The pathologic criteria for the diagnosis of urachal carcinoma are varied. Criteria for diagnosis of urachal adenocarcinoma accepted by the newest WHO as follows: 1. Location of the tumor in the bladder dome and/or anterior wall; 2. The epicenter of carcinoma in the bladder wall; 3. Absence of widespread cystitis cystica and/or cystitis glandularis beyond the dome or anterior wall; 4. Absence of a known primary elsewhere [5].

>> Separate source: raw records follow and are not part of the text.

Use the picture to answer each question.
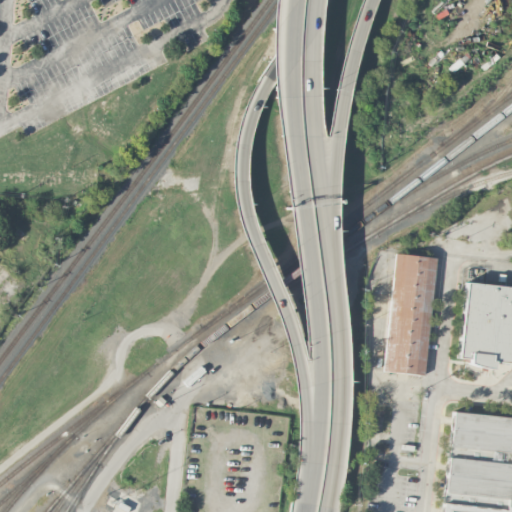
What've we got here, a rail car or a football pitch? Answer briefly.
rail car
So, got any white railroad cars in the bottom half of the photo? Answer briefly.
Yes
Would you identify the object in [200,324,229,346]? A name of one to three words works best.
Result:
rail car
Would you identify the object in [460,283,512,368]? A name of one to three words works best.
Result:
building
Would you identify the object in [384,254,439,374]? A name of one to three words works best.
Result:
building
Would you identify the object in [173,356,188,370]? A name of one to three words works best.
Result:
rail car
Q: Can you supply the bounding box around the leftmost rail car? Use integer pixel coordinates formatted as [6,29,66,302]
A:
[114,406,142,438]

Several staging systems have been used for urachal carcinomas. No AJCC TNM staging system for urachal carcinomas as urachal tumors do not arise from the bladder surface urothelium [6]. The most widely used staging system is the Sheldon system [7].

The Sheldon staging system for Urachal carcinoma. Stage I: Carcinoma confined to the Urachal mucosa; Stage II: Carcinoma invasion confined to the urachus; Stage III: Local carcinoma extension, IIIA Extension into the bladder. IIIB Extension into the abdominal wall. IIIC Extension into the peritoneum. IIID Extension into other viscera; Stage IV: Metastasis. IVA Metastasis to lymph nodes. IVB Metastasis to distant sites. In this case, it was Sheldon IIIA. The mixed type of urachal carcinoma is rare. There were only five cases reported with our knowledge. Surgery is the primary treatment for urachal carcinomas. There is no standard neoadjuvant or adjuvant chemotherapy. Urachal carcinomas occur mostly in the bladder dome and are generally treated by partial cystectomy with en bloc resection of the medial umbilical ligament and umbilicus [8]. Detailed pathologic studies with clinical outcome correlation are few. The value of the 3D image reconstruction of CT scans in this case helped surgeon understand the blood supply and tumor boundary well before surgery and assist the surgical procedure plan. This can be beneficial for the decision making in the range of tumor margin excision, in lymphadenectomy as well as the hemostasis in the operation.

Figure 1: CT scan found a mass at the dome of bladder with calcification.

Figure 2: 3D image reconstruction based on CT scan.

Figure 3: Flexible cystoscopy view of the urachal tumor

Figure 4: The umbilicus was excised with a connection to the urachus and tumor.

Figure 5: Big slide of specimen cell type.

Figure 6: Histopathology exmination showed mixed.

Figure 7: Most of the tumor is a moderately differentiated adenocarcinoma.